Ve o gün tüm topluluklardan kanıtlarımızı yalanlayandan bir bölümünü toplarız. Onlar sürüklenirler.
84- Hatta onlar ciet ettiklerinde de “Bir i’limle ihata etmediğiniz halde ayetlerimi tekzib mi ettiniz, a’mel ettikleriniz ne?” kavletti.
Onlar gelince “Bir bilgi ile kuşatmadığınız halde kanıtlarımı yalanladınız mı işledikleriniz ne?” Söyledi.
85- Zulmettiklerinden dolayı kavl onların üzerine vuku etti, onlar nutk edemeyecekler.
Ezdiklerinden dolayı söz onlara gerçekleşti, onlar konuşamayacaklar.
86- Leyli, içinde sükun bulmaları için ve neharı mübsire olarak ca’l ettiğimizi re’y etmediler mi? Bunda iman eden bir kavim için ayetler vardır.
Geceyi, içinde dinlenmeleri için ve gündüzü de gösterici olarak yaptığımızı görmediler mi? Bunda inanan bir ulus için kanıtlar vardır.
87- Ve o yevm sura nefh olunur da Allah’ın meşiet ettiği kimseler dışında semalarda olan kimseler ve arzda olan kimseler fez’ eder. Hepsi dahirler olarak ona etvet eder.
Ve o gün boruya üflenir de Allah’ın dilediği kimseler dışında göklerde olan kimseler ve yerde olan kimseler irkilirler. Hepsi ona doluşarak gelirler.
88- Cibali re’yedersin onu camid olarak hesab edersin oysa onlar sehabın merrini mürür eder. Şeyin kullünü itkan eden kimse olan Allah’ın sunudur. O amel ettiklerinizi habirdir.
Dağları görürsün onu donuk sanırsın oysa onlar bulutun geçişini geçmektedir. Her şeyi devindiren kimse olan Allah’ın yapısıdır. O işlediklerinizi bilendir.
89- Kim hasene ile ciet ederse ona ondan daha hayırı vardır. Ve onlar yevmeizin fez’den aminlerdir.
Kim iyiliği getirirse ona ondan daha iyisi vardır. Ve onlar o gün irkilmeden güvendedirler.

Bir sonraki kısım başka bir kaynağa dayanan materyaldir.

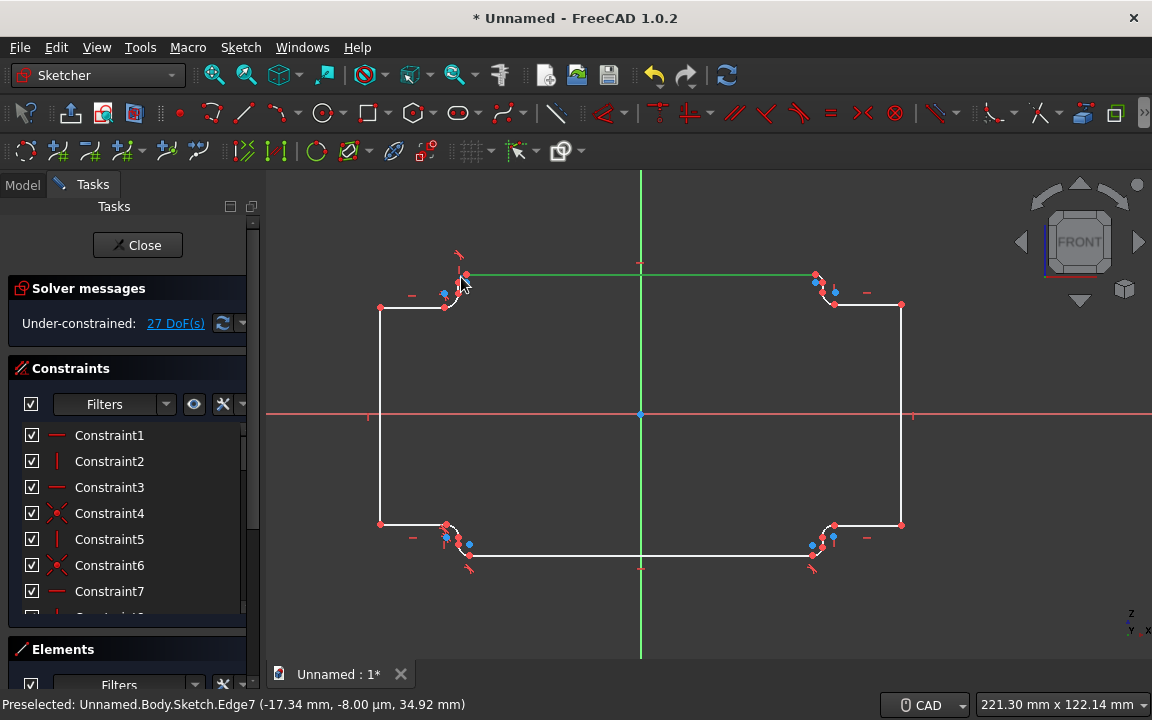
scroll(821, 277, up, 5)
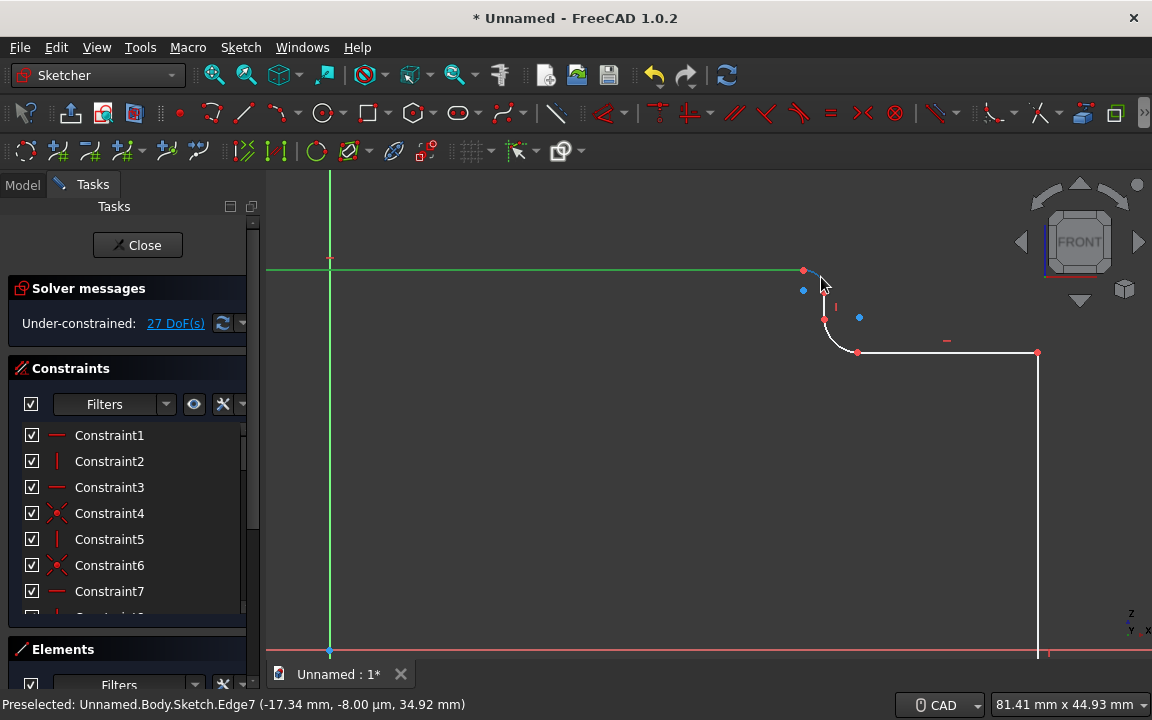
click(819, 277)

90- Ve kim seyyie ile ciet ederse vecihleri narda kebab olur. A’mel etmiş olduklarınızın dışında icza olunuyor musunuz?
Ve kim kötülüğü getirirse yüzleri ateşte pişer. İşlemiş olduklarınız dışında karşılanıyor musunuz?
91-92- Ben ancak, her şey kendisinin iken bu tahrim ettiği beldenin ve Rabbine i’badet etmemle emr olundum. Ve ben müslümanlardan olmakla ve Kur’an’ı tilavet etmemle emr olundum. Kim ihtida ederse yalnız nefsinedir ve kim dall ederse “Ben ancak münzirlerdenim” kavlet.

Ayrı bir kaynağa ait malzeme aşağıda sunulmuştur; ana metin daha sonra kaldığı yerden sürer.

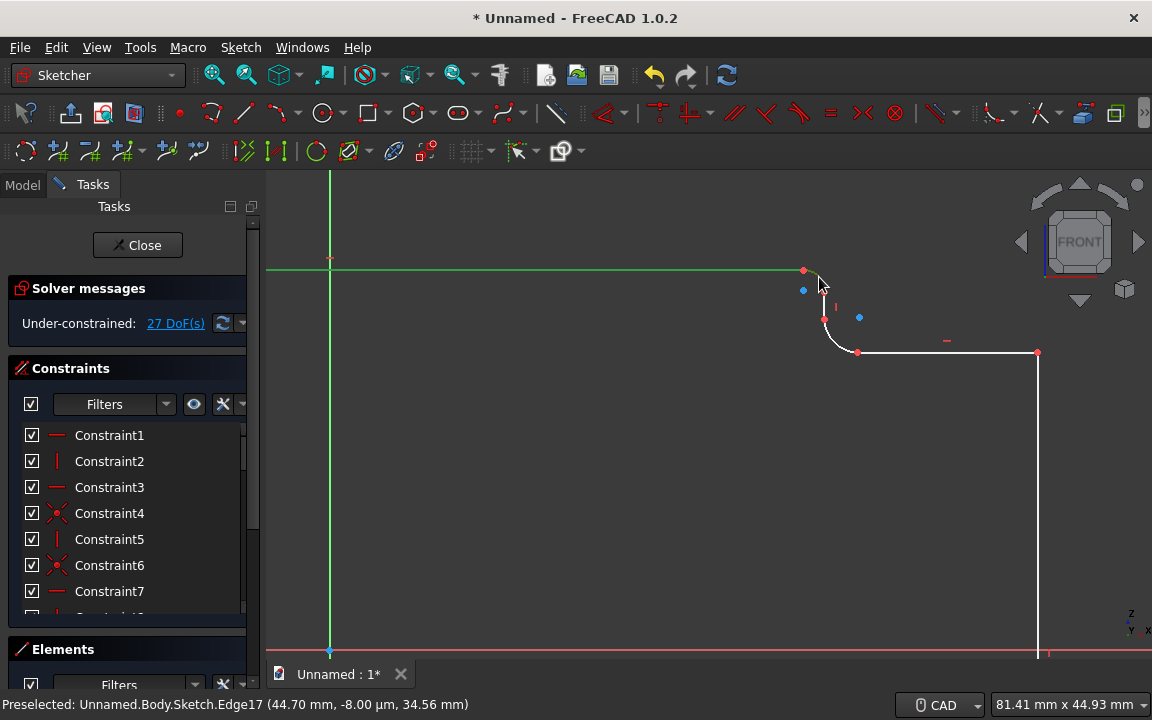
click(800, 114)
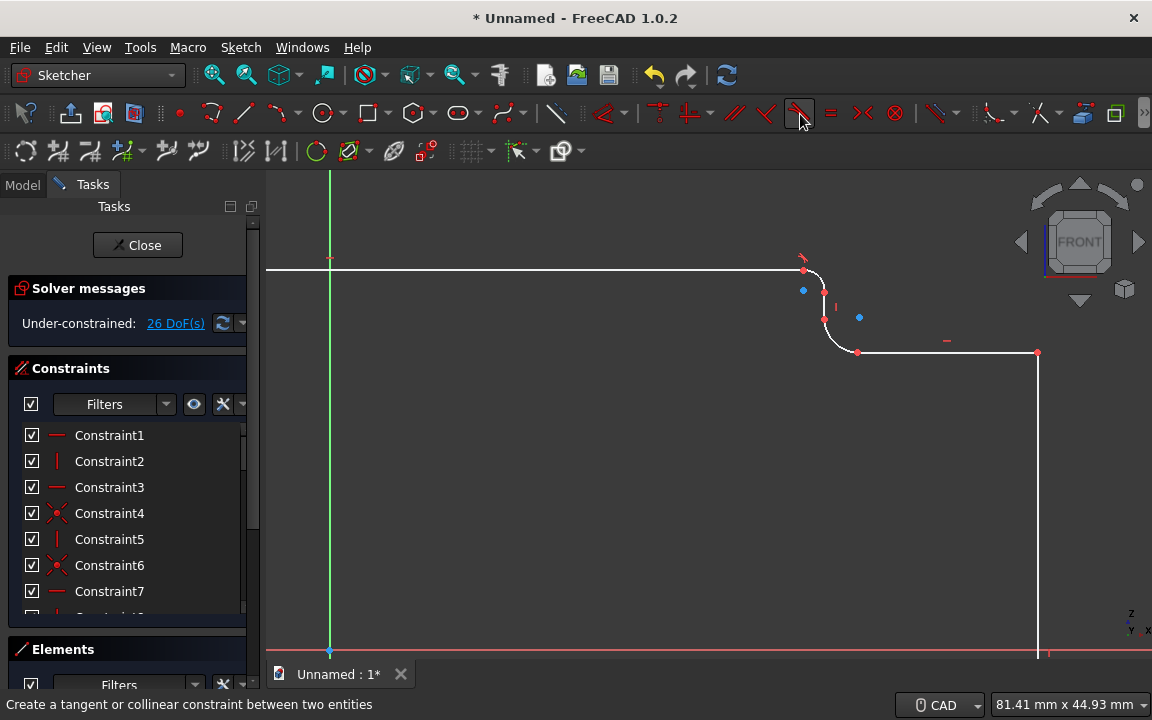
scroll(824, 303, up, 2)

Ben ancak, herşey kendisinin iken yasakladığı bu kentin yetiştiricisine kulluk yapmamla buyuruldum. Ve ben barışçılardan olmakla ve Kur’an’ı aktarmamla buyuruldum. Kim yola koyulursa yalnız kendinedir ve kim şaşarsa “Ben ancak uyaranlardanım” söyle.
93- Ve hamd Allah’ındır, ayetlerini size re’y ettirecek siz de onları ö’rf edeceksiniz. Rabbiniz a’mel ettiklerinizden ğafil değildir.

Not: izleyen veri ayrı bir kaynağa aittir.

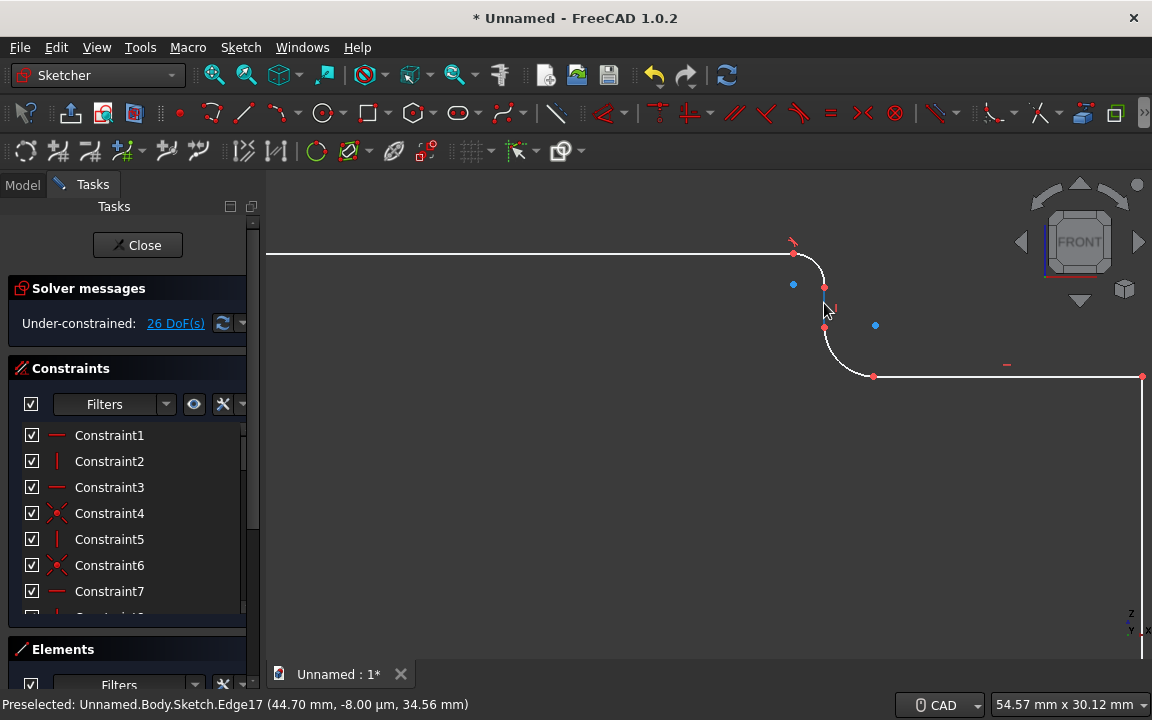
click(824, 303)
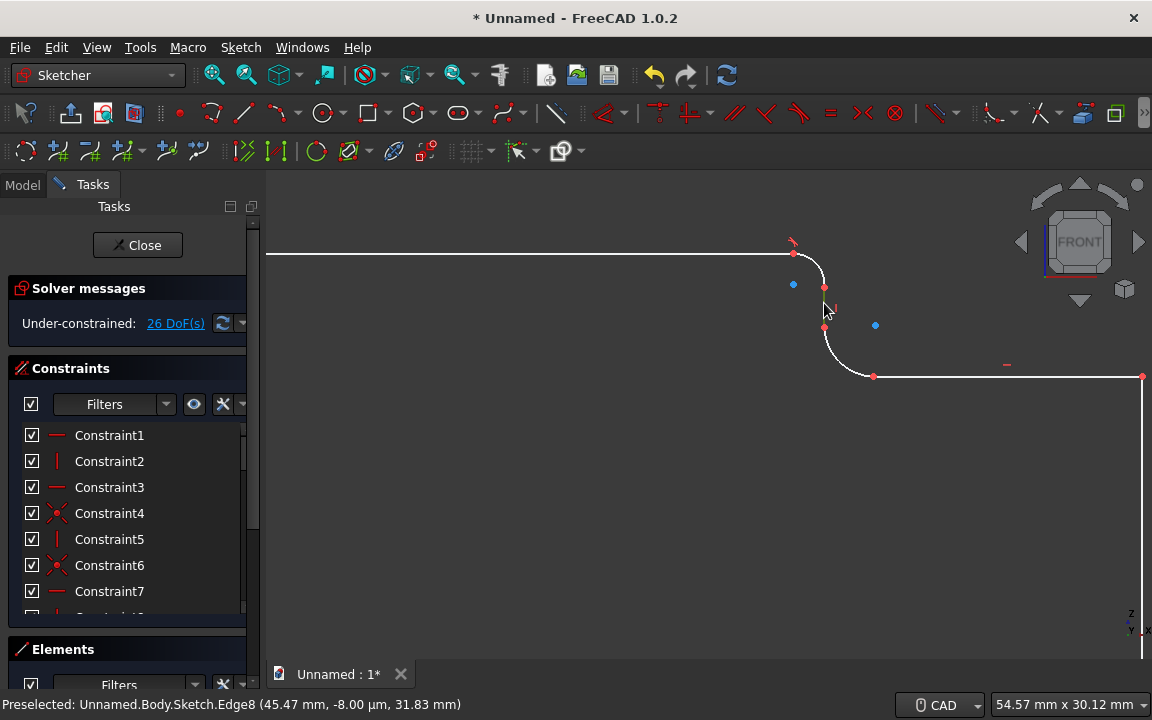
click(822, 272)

Ve değer Allah’ındır, kanıtlarını size gösterecek, siz de onları tanıyacaksınız. Yetiştiriciniz işlediklerinizden dalgın değildir.
AÇIKLAMA : Bu surede zekatın itasında bahsedilmektedir. Sure Mekki’dir. Zekat ise Medine’de farz olmuştur. Zekat temizlik demektir. Temizliği vermek tabiri, Mekke’de müteşabihtir. Medine’de açıklandıktan sonra bunun anlamı anlaşılmıştır. Kur’an’da bir çok kelime vardır ki, bugün bile hala anlaşılmış değildir. Bu surede de böyle ifadelere rastlanabilir. Surenin başında buna işaret edilmiştir.
Musa(AS), “Kabez bir şihabı size getiririm” diyor. Kabez, aydınlatıcı demektir. Musa(AS) bu ateşi gece görmüş olmalıdır. “Bir de ısınırsınız” diyor. Demek ki, soğuk bir yerde bulunmaktadır. Medyen şehrinin daha kuzeyde olması muhtemeldir.
“Ateşin içinde olan kimseler ve çevresinde olan kimseler mubarek oldu” sözü ile ateşin içinde şuurlu varlıkların olduğunu ifade etmektedir. Bunun da Allah olmadığını ondan sonra gelen “Alemlerin rabbi Allah sübhandır” sözü ile ateşte olanın Allah olmadığını anlatmaktadır.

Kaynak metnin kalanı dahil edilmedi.